We make it a point of teaching our users security awareness at least once a year. But what we aren’t thinking about is how many times a day we may be inadvertently teaching our users to be phished. But before I talk more about how (and why) we might be doing our users this disservice, let me give you a little background on how we have arrived at this particular juncture.
Many of us in IT started as just the computer person. In the beginning, we just needed to help people logon with credentials, fix hardware drivers for them and make their pie charts green. Soon, we moved from being IT generalists into the bigger and much more complex role of security experts. The next thing we knew, we were challenged to protect not only the perimeter but also now, each unique endpoint.
Then, endpoints started getting pretty jinky. With BYOD and cloud, users were using a variety of machines to connect from anywhere, to anything, on any network. With Zero trust from the outside to the inside of our networks we have found that we can no longer trust the perimeter to keep devices safe. In other words, we are now challenged to determine how to trust each device that we are requesting to interact with. Luckily, we still have the Root of Trust or the Web of Trust models to help us identify these different actors on our networks.

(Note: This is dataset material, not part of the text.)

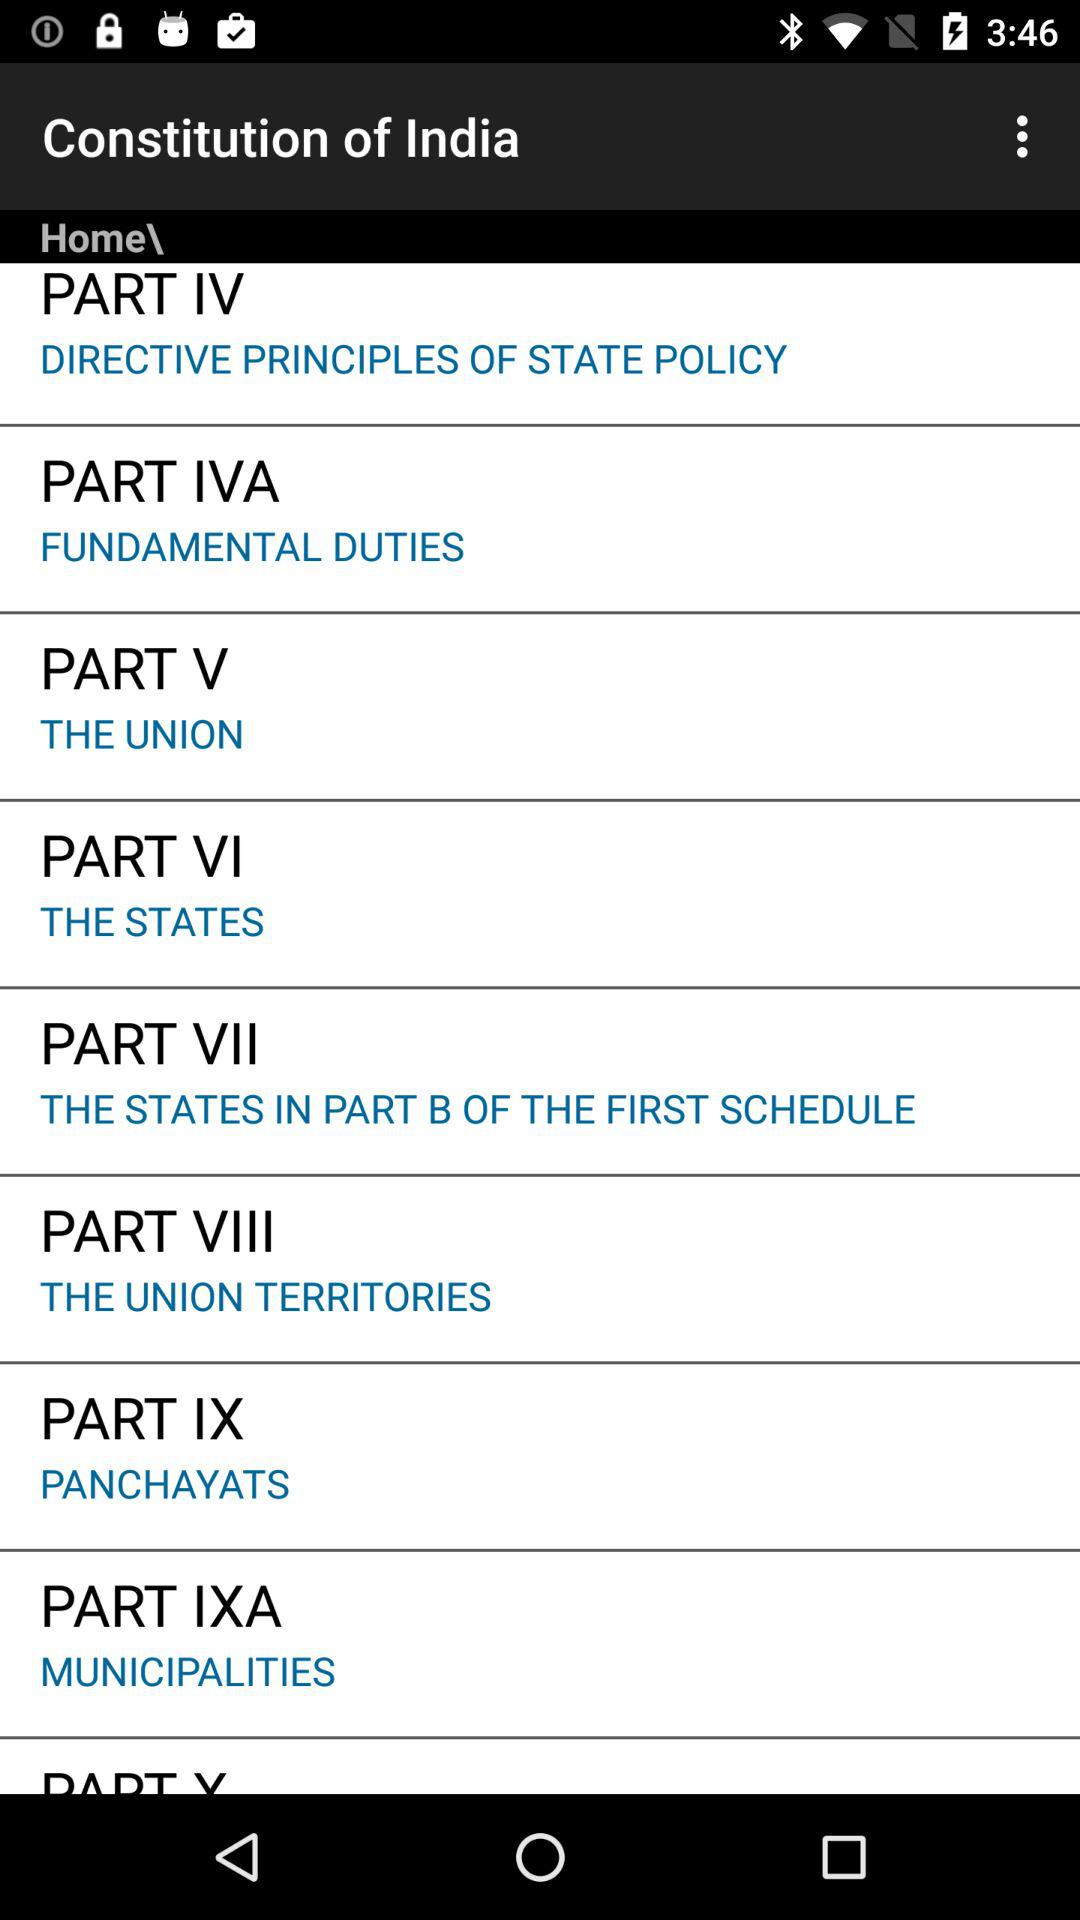What topic is related to part V? The topic is "THE UNION".

We use x.509 certificates with the SSL/TLS protocols and SSH keys to establish Identity of these many interconnecting machines. To accommodate this shift, many like myself have had to evolve from being just a computer guy to being experts in protecting machine identities. In fact, given the explosive growth of machines that our organizations rely on, we are all speeding down the byways in a journey from generic computer stuff to a very specific, high value targeted machine identity protection.
Machines do a great job with trust. It is a binary answer. I trust you and will do business with you or I don’t trust you and we will kill communication. With humans, it’s not so easy. When accessing a variety of web pages in a variety of browsers over a variety of WIFIs, there are just too many variables for humans to effectively establish trust. And we may be inadvertently exacerbating their inability to decide what to trust. Every time we create a situation where they are allowed to click through a security warning, we are essentially training these users how to be phished. How are you training users to be phished?
Some browsers such as Chrome are fixing this by not allowing users to choose to accept the warnings. They simply reject the connection. But there are a lot of browsers and applications that do not. We should handle each certificate error as a service failure and, even worse, as a training to teach our users to be phished. Better yet, we should avoid these errors in the first place.